Each participant completed ten blocks of 54 trials, of which the first block was treated as practice. Each block consisted of three repetitions of all combinations of edge type (soft and hard), motion condition (single-drift, double-drift, and incongruent double-drift), and motion type (rightward, leftward, and no-motion, where no-motion resulted in the same static target for all motion conditions). The stimulus presentation order was randomized for each block and participant. A trial was regarded as a failure if the movement time exceeded the 450–750 ms time window or the final cursor position was outside the 3 by 6 cm region. Failed trials were informed by five auditory tones after each trial and were repeated at a random time later within the same block.

Data analysis

All kinematic data related to hand position, velocity, and acceleration were low-pass filtered by using a sixth-order, zero-lag Butterworth filter with a cutoff frequency of 20 Hz. Trials were discarded from the analysis if any of the kinematic data (400 ms from the movement onset), movement time, or the final hand position, had deviated by more than 3 times the interquartile range from the 25th or 75th percentile of the data of each condition (boxplot outlier identification procedures).
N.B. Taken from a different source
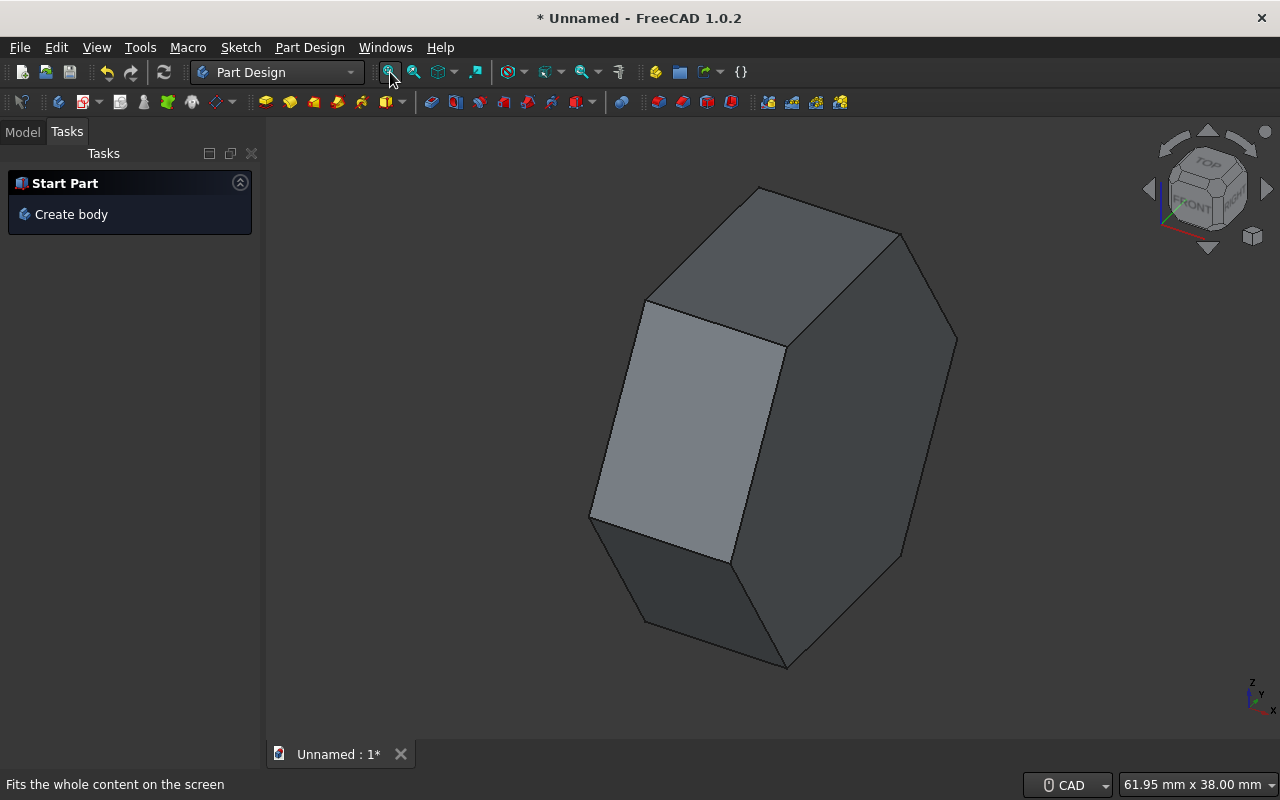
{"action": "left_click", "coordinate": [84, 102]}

Less than 10% of the trials of each participant were excluded based on this criterion.

For each participant, the temporal development of the adjustment responses of each edge type (soft and hard) and motion condition (texture and edge) were quantified by taking the difference between the mean horizontal accelerations of the manual response to the rightward and leftward targets (rightward − leftward). The latencies of the adjustment responses of each condition were defined as the time point at which the p-value of a one-tailed t-test on the mean adjustment responses first fell below 0.01 after 100 ms had passed since the target onset and remained below 0.01 for 20 ms. The difference between the onset of response of the soft- and hard-edge targets was also defined in the same way as the response onset; the time at which the p-value of a one-tailed paired t-test between the adjustment responses of the soft- and hard-edge targets first fell below 0.01 (after 100 ms had passed since the target onset) and remained at 0.01 for 20 ms. To determine both periods when the adjustment response to the soft-edge target was greater than that to the hard-edge target and vice versa, a one-tailed paired t-test was conducted in both directions.
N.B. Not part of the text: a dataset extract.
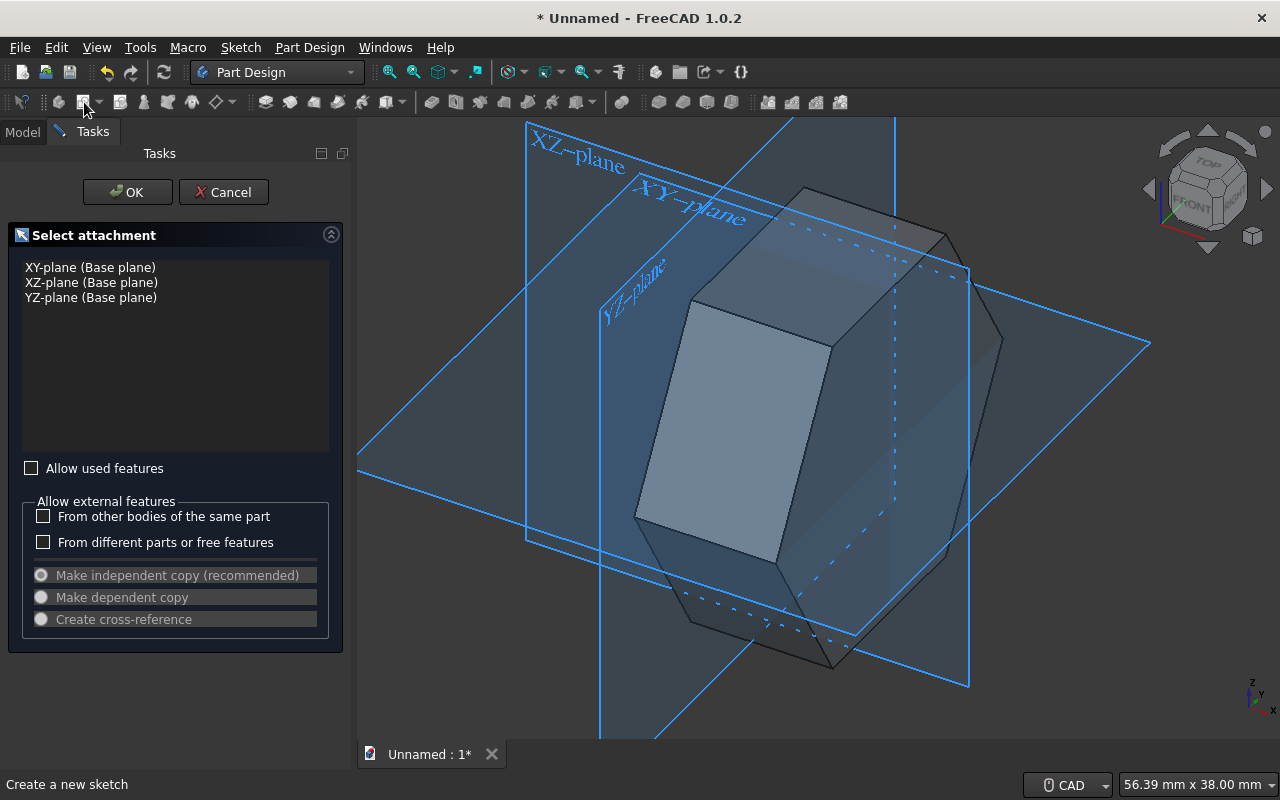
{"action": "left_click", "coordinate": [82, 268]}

To evaluate the statistical differences between the response latencies (defined by rightward vs. leftward target motion) and the response difference onsets (defined by soft- vs. hard-edge targets), we adopted a bootstrap confidence interval procedure. In particular, from the original data set of all the participants (N = 20), a bootstrapped data set with the same sample size was nonparametrically resampled with replacement. The response latencies and the response difference onsets were then obtained from the bootstrapped data set in the same way as that employed for the original data set. We repeated the same procedure 2000 times to verify whether or not the 95% confidence intervals (2.5th to 97.5th percentile) of the distribution of each onset time overlap. The bootstrap data sets whose response latency or response difference onset time was not obtained with our criteria (i.e., where the p-values of one-tailed successive t-tests did not fall below 0.01 for more than 20 ms between 100 and 400 ms after the target onset) were excluded from the distributions.